We use Haskell lists to model stacks, because they can be accessed efficiently on the left end: one pushes element by cons-ing with (:), and pops elements using pattern matching (e:es) and keeping the tail. Both operations are O(1). Since the problem description shows the stacks storing letters, [Char] (equivalently String) will be our data type.

For this problem we need to store an arbitrary number of stacks, indexed using Int numbers. Haskell's base library provides many data structures for indexed access, and for this particular problem I chose

    import qualified Data.IntMap as DIM

because it's a map having Int as keys, with efficient search and modify operations, and clever construction and flattening utilities.

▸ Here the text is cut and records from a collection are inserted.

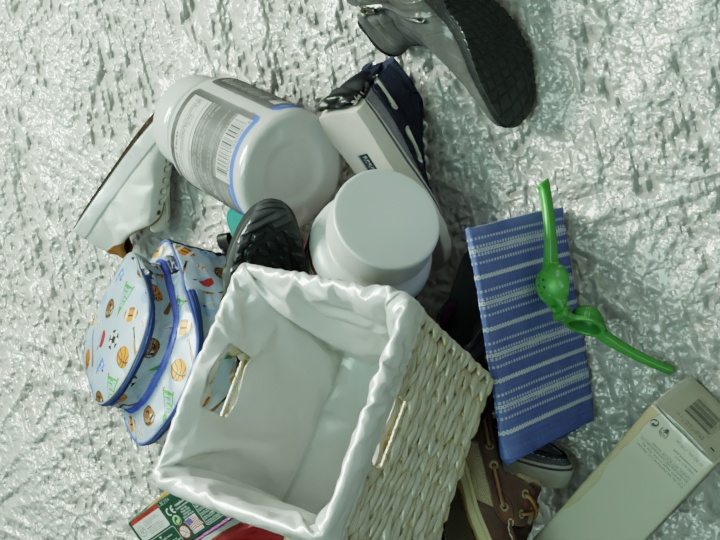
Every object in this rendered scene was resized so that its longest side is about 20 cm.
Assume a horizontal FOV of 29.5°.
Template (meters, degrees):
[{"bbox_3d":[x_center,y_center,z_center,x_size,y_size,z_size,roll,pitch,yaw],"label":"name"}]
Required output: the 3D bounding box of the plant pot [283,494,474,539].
[{"bbox_3d":[0.015,0.231,1.290,0.198,0.199,0.137,-19,70,34],"label":"plant pot"}]

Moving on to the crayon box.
[{"bbox_3d":[-0.110,0.192,1.352,0.199,0.172,0.059,-37,89,35],"label":"crayon box"}]

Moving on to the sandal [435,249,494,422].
[{"bbox_3d":[0.091,0.049,1.197,0.074,0.203,0.048,0,143,23],"label":"sandal"}]

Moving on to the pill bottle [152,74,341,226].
[{"bbox_3d":[-0.115,-0.120,1.306,0.199,0.112,0.116,30,117,51],"label":"pill bottle"}]

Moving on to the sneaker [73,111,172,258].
[{"bbox_3d":[-0.219,-0.098,1.450,0.084,0.073,0.201,34,114,-12],"label":"sneaker"}]

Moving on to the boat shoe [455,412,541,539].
[{"bbox_3d":[0.122,0.196,1.165,0.071,0.072,0.202,-22,67,1],"label":"boat shoe"}]

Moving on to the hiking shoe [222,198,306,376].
[{"bbox_3d":[-0.097,0.007,1.240,0.101,0.075,0.202,-113,25,-47],"label":"hiking shoe"}]

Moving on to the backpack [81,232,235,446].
[{"bbox_3d":[-0.186,0.083,1.376,0.191,0.152,0.202,54,127,43],"label":"backpack"}]

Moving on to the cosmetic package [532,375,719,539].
[{"bbox_3d":[0.234,0.194,1.177,0.073,0.103,0.201,45,118,16],"label":"cosmetic package"}]

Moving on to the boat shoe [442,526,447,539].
[{"bbox_3d":[0.041,0.187,1.163,0.071,0.072,0.202,-38,59,25],"label":"boat shoe"}]

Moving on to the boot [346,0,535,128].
[{"bbox_3d":[0.068,-0.212,1.230,0.131,0.070,0.202,-10,114,56],"label":"boot"}]

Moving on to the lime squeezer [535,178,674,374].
[{"bbox_3d":[0.190,0.024,1.175,0.038,0.070,0.201,-35,90,46],"label":"lime squeezer"}]

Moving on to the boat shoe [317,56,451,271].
[{"bbox_3d":[0.043,-0.102,1.266,0.074,0.093,0.201,-3,128,42],"label":"boat shoe"}]

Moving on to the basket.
[{"bbox_3d":[-0.023,0.123,1.100,0.198,0.160,0.201,9,72,42],"label":"basket"}]

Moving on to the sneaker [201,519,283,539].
[{"bbox_3d":[-0.082,0.288,1.419,0.199,0.078,0.117,-36,78,34],"label":"sneaker"}]

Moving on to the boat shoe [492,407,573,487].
[{"bbox_3d":[0.111,0.122,1.253,0.198,0.075,0.094,21,98,17],"label":"boat shoe"}]

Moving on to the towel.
[{"bbox_3d":[0.147,0.053,1.183,0.024,0.144,0.203,-6,96,41],"label":"towel"}]

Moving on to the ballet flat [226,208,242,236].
[{"bbox_3d":[-0.074,0.017,1.363,0.067,0.068,0.203,-13,93,35],"label":"ballet flat"}]

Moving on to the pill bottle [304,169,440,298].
[{"bbox_3d":[0.000,0.000,1.236,0.115,0.113,0.201,52,153,13],"label":"pill bottle"}]

Instructions for changing the stacks

We are interested in knowing how many elements to move, as well as the source and destination stacks. This suggests

    data Move = Move { cnt :: Int
                     , src :: Int
                     , dst :: Int
              deriving Show

Loading the problem specification

Having settled on the IntMap and Move data types, it follows that our top level parser must have signature

    loadSpec :: String -> (DIM.IntMap String,[Move])

The first observation we make to structure our parser, is the presence of an empty line after the stacks and before the instructions. We've already seen that

    ghci> :type break null . lines
    break null . lines :: String -> ([String], [String])

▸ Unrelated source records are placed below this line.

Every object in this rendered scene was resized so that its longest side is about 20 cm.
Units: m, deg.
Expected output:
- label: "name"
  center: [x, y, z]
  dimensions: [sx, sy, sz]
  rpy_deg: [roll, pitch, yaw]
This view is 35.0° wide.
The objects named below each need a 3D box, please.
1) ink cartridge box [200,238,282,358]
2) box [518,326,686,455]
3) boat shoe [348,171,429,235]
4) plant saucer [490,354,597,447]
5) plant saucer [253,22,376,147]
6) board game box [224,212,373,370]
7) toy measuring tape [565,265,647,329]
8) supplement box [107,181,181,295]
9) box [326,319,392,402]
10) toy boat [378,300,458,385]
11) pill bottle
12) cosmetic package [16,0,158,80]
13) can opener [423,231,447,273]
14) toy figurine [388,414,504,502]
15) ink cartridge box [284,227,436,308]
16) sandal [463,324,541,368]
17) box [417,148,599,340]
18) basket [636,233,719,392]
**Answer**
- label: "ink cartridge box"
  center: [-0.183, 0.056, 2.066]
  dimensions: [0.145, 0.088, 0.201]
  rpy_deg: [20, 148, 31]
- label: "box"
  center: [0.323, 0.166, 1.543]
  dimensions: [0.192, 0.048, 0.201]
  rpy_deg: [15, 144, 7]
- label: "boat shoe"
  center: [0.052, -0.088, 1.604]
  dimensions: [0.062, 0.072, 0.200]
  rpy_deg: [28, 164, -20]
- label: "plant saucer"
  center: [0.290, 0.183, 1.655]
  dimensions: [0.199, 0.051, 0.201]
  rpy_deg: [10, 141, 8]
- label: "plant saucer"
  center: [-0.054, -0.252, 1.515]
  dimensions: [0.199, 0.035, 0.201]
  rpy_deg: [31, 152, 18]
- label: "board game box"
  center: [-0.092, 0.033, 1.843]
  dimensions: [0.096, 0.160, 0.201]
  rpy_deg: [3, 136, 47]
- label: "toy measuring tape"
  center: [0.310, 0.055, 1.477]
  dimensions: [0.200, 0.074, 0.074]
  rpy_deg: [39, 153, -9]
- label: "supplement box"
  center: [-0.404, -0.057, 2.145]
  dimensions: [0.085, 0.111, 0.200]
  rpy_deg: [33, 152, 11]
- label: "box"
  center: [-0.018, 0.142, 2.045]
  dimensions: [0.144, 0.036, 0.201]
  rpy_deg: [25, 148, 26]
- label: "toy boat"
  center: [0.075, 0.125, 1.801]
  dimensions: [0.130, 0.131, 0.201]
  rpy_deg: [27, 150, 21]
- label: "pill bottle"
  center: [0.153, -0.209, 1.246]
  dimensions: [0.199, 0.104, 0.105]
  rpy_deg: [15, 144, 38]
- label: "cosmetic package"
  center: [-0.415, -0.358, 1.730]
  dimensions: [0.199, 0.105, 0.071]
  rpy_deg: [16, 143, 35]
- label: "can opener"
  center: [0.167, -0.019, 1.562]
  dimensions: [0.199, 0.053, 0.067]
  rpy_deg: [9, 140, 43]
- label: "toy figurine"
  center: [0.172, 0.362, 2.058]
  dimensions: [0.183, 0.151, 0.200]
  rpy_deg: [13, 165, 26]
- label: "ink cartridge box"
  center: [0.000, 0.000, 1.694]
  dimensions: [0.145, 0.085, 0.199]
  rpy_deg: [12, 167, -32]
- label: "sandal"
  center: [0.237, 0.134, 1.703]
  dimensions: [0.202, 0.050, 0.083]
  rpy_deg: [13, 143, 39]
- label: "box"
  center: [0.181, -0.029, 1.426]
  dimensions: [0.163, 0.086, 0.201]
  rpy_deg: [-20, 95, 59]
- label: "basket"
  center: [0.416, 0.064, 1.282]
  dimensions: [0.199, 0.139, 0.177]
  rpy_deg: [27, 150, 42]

will produce a tuple with all lines before the empty one as first element, and the rest of the lines (including the empty one) on the second element. This means we need to

    getInitialStacks :: [String] -> DIM.IntMap String

over the first element, and

    map toMove . tail

over the second element, provided we have

    toMove :: String -> Move

Thus, our top level parser is written as

    loadSpec :: String -> (DIM.IntMap String,[Move])
    loadSpec = (getInitialStacks *** (map toMove . tail))
             . break null . lines

Lazy string processing to parse Moves

We must provide an implementation for

    toMove :: String -> Move

that allows us to capture the numbers on a String such as

    move 4 from 5 to 6

Taking advantage of the standard functions words and (!!) -- note the latter is 0-based in its counting.

    ghci> words "move 4 from 5 to 6"
    ghci> (words "move 4 from 5 to 6") !! 1
    ghci> (read $ (words "move 4 from 5 to 6") !! 1) :: Int

We write

    toMove :: String -> Move
    toMove s = Move { cnt = read $ ws !! 1
                    , src = read $ ws !! 3
                    , dst = read $ ws !! 5
             where ws = words s

Parsing the stacks

I will be using lists to simulate stacks. That requires parsing this

        [D]     \n
    [N] [C]     \n
    [Z] [M] [P] \n
     1   2   3  \n



regardless of the number of stacks present in the input.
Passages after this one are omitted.